* _TRY IT_:
Find the line containing "Provide a short and direct response. 1.22e+07." in the entries below. Restate it and each line after it, word for word, up to and including the line containing "Your answer should be compact. -2.55e+05.".

* _DATA TO PROCESS_:

-=-=-=-=-

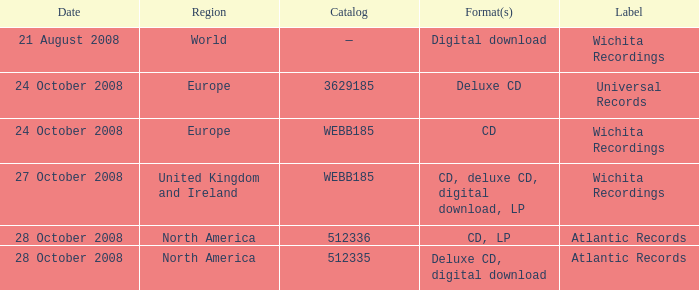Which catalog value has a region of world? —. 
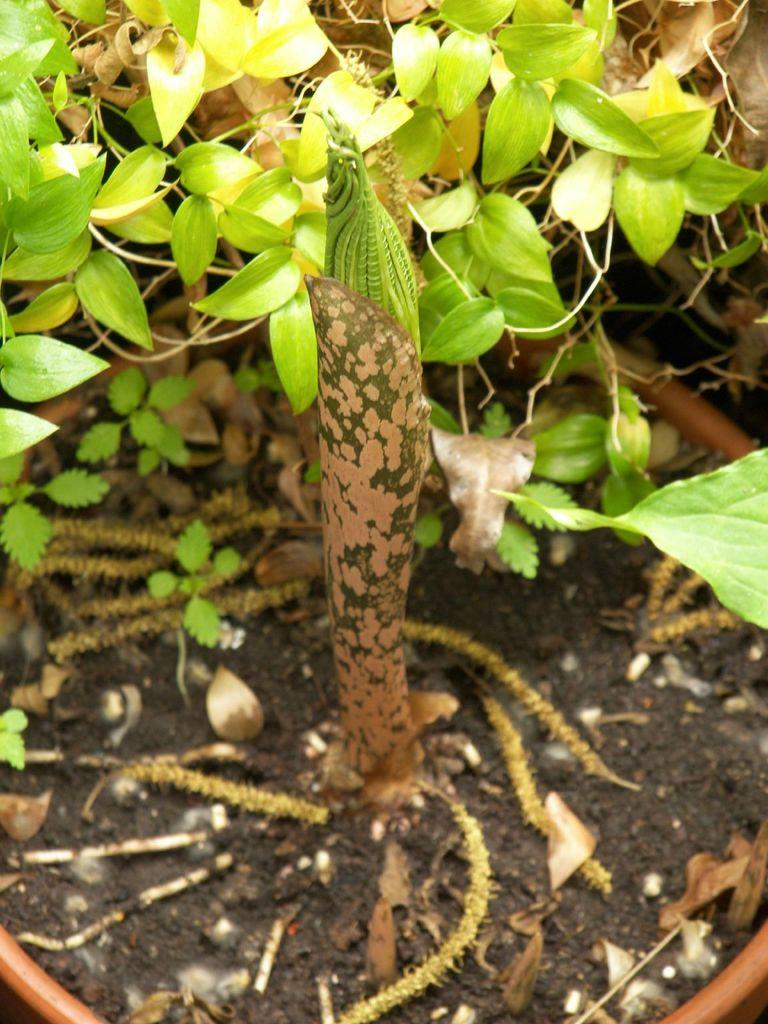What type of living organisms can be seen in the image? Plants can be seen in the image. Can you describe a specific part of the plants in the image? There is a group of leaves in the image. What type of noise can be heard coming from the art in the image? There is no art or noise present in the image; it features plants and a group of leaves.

-=-=-=-=-

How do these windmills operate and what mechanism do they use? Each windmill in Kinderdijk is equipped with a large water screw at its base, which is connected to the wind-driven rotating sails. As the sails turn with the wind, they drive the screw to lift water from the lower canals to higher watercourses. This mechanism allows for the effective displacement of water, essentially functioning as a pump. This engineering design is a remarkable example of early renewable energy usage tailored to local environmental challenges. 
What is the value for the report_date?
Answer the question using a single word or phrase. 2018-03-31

-=-=-=-=-

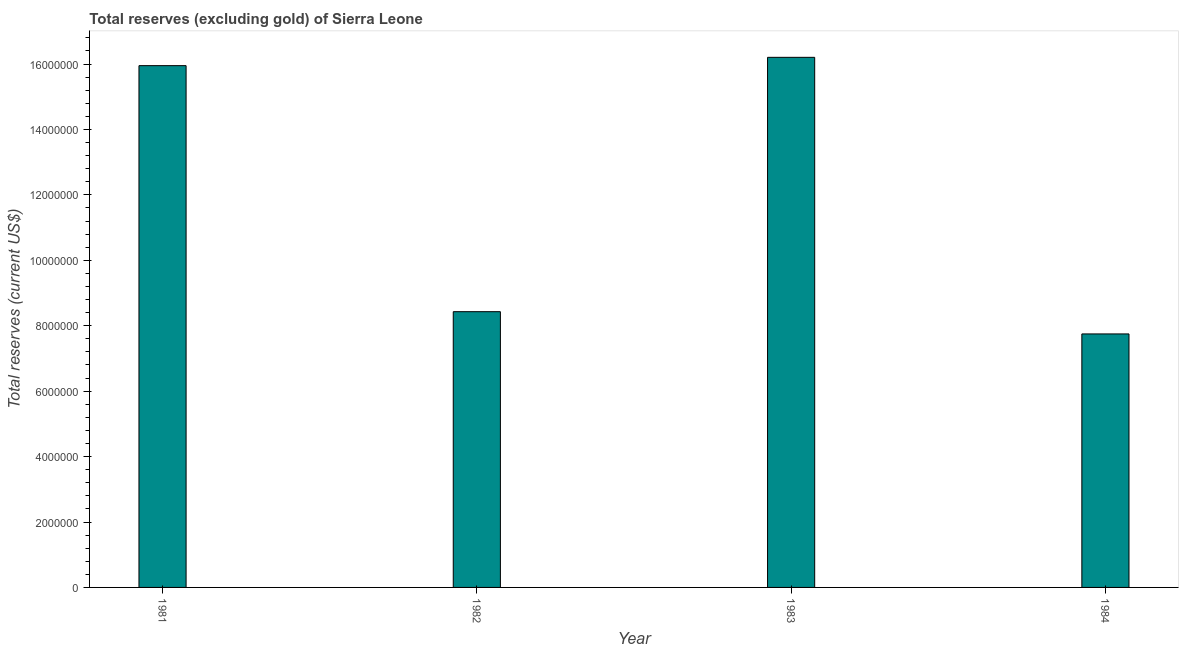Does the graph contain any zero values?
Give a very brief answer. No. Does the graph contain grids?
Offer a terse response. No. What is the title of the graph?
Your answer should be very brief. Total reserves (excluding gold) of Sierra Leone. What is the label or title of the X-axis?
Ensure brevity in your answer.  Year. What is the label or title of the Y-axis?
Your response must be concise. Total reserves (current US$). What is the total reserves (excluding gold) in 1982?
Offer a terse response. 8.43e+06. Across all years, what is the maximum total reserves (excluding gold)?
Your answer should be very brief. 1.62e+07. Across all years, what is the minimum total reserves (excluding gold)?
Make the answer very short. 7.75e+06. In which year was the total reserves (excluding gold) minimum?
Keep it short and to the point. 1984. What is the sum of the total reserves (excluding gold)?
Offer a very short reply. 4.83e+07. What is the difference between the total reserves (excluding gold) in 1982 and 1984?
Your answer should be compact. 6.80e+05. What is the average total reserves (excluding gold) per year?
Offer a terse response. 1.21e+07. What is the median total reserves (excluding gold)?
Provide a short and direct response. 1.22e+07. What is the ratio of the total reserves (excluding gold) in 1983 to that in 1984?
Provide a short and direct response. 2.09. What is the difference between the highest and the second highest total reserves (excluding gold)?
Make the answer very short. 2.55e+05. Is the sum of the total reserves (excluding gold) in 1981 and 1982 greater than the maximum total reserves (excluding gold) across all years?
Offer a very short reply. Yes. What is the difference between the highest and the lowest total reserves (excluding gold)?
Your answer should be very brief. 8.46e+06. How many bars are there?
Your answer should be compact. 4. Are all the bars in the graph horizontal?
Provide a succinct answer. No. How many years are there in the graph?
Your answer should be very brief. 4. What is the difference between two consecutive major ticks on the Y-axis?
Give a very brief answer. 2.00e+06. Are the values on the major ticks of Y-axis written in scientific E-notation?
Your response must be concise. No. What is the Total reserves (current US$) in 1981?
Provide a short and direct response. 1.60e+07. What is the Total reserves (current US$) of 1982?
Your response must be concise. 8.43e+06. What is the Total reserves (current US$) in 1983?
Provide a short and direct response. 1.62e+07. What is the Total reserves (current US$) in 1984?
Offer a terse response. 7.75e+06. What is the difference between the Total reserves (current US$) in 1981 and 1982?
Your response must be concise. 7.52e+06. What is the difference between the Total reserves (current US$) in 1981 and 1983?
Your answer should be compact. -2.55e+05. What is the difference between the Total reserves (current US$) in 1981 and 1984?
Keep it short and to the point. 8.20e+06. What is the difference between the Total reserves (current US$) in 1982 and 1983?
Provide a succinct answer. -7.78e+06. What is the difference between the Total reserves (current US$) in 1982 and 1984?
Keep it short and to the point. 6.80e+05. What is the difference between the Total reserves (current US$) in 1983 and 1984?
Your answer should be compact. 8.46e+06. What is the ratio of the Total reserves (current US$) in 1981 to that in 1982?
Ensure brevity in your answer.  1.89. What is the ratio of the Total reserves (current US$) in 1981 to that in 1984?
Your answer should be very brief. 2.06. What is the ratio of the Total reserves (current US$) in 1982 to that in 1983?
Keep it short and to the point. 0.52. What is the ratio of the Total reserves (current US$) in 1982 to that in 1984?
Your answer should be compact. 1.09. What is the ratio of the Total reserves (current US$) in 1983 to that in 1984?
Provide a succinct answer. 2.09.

-=-=-=-=-

* _TASK RESULT_:
Provide a short and direct response. 1.22e+07. What is the ratio of the total reserves (excluding gold) in 1983 to that in 1984?
Provide a short and direct response. 2.09. What is the difference between the highest and the second highest total reserves (excluding gold)?
Make the answer very short. 2.55e+05. Is the sum of the total reserves (excluding gold) in 1981 and 1982 greater than the maximum total reserves (excluding gold) across all years?
Offer a very short reply. Yes. What is the difference between the highest and the lowest total reserves (excluding gold)?
Your answer should be very brief. 8.46e+06. How many bars are there?
Your answer should be compact. 4. Are all the bars in the graph horizontal?
Provide a succinct answer. No. How many years are there in the graph?
Your answer should be very brief. 4. What is the difference between two consecutive major ticks on the Y-axis?
Give a very brief answer. 2.00e+06. Are the values on the major ticks of Y-axis written in scientific E-notation?
Your response must be concise. No. What is the Total reserves (current US$) in 1981?
Provide a short and direct response. 1.60e+07. What is the Total reserves (current US$) of 1982?
Your response must be concise. 8.43e+06. What is the Total reserves (current US$) in 1983?
Provide a short and direct response. 1.62e+07. What is the Total reserves (current US$) in 1984?
Offer a terse response. 7.75e+06. What is the difference between the Total reserves (current US$) in 1981 and 1982?
Your response must be concise. 7.52e+06. What is the difference between the Total reserves (current US$) in 1981 and 1983?
Your answer should be compact. -2.55e+05. What is the difference between the Total reserves (current US$) in 1981 and 1984?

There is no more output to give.